John O’Keefe (born November 18, 1939, New York City, New York, U.S.) is a British-American neuroscientist who contributed to the discovery of place cells in the hippocampus of the brain and elucidated their role in cognitive (spatial) mapping. O’Keefe’s investigations of impairments in the cognitive mapping abilities of rats had important implications for the understanding of Alzheimer disease and other human neurological conditions in which affected persons fail to recognize their surroundings. For his contributions to the understanding of neural processes involved in the mental representation of spatial environments, O’Keefe shared the 2014 Nobel Prize for Physiology or Medicine with Norwegian neuroscientists May-Britt Moser and Edvard I. Moser.
O’Keefe grew up in New York City, the son of Irish immigrants. He studied aeronautical engineering at New York University before enrolling in 1960 at the City College of New York (CCNY) to study philosophy of the mind. After earning a bachelor’s degree from CCNY in 1963, he went to McGill University in Montreal, where he carried out graduate studies in the school’s psychology department. At McGill O’Keefe worked in the laboratory of Canadian psychologist Ronald Melzack, researching the sensory properties of the amygdala (a part of the brain involved in the fight-or-flight response) and developing tools and methods for his investigations. He completed a doctorate degree in physiological psychology in 1967, that same year joining University College London (UCL) as a postdoctoral research fellow. He remained at UCL for the duration of his career, eventually serving as a professor of cognitive neuroscience.
Within a few years at UCL, O’Keefe shifted his research from the amygdala to the hippocampus, attempting to understand its role in animal behaviour. Using techniques to record the activity of individual neurons in the rat hippocampus, he was able to observe the responses of single cells and correlate their activity to specific behaviours. Of particular interest to O’Keefe were rats that had sustained damage to the hippocampus, which produced significant changes in behaviour, such as reduced performance on spatial tasks and hyperactivity in new environments.

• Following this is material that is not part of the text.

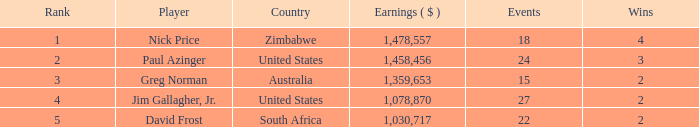How many incidents have earnings lesser than 1,030,717? 0.0.

After many experiments, O’Keefe discovered that cell activity in certain areas of the hippocampus was a function of place, with activity related specifically to where an animal was in its environment. The particular hippocampal areas involved (e.g., CA1) were densely occupied by pyramidal cells—cells that in the context of orientation and navigation became known as place cells. In 1971, with his student Jonathan O. Dostrovsky, O’Keefe published his findings, proposing in their seminal paper that behavioral deficits in animals with hippocampal damage stemmed from the loss of neural systems involved in cognitive mapping.
In 1978 O’Keefe and colleague Lynn Nadel published The Hippocampus as a Cognitive Map, describing in detail a theory that placed the cognitive map—the existence of which was first proposed in 1948 by American psychologist Edward C. Tolman—specifically in the hippocampus. The theory met with skepticism but later gained support through key discoveries by other researchers, including the Mosers’ discovery in 2005 of grid cells—cells located in a part of the brain known as the dorsocaudal medial entorhinal cortex (dMEC) that produce a system of coordinates by which animals determine their spatial position and navigate their environment. Subsequent research revealed that place cells and grid cells interact, with the activity of place cells likely derived from the formation of grids.
The neural system elucidated by O’Keefe and colleagues was described popularly as an “inner GPS.” O’Keefe’s research was crucial in that it provided the first experimental evidence for such a system and offered insight into the ability of animals, including humans, to orient themselves within an environment, to navigate from one place to another, and to remember spatial information. The loss of those abilities in humans is a hallmark of neurological disease, particularly Alzheimer disease, for which O’Keefe’s findings opened up new avenues of research. His work also fueled progress in scientists’ understanding of human cognition, especially aspects of memory.
In addition to the Nobel Prize, O’Keefe was the recipient of other prestigious awards, including the 2013 Louisa Gross Horwitz Prize (shared with the Mosers) and the 2014 Kavli Prize in Neuroscience (shared with Canadian neuropsychologist Brenda Milner and American neurologist Marcus Raichle). O’Keefe was elected a fellow of the Royal Society in 1992 and of the U.K. Academy of Medical Sciences in 1998.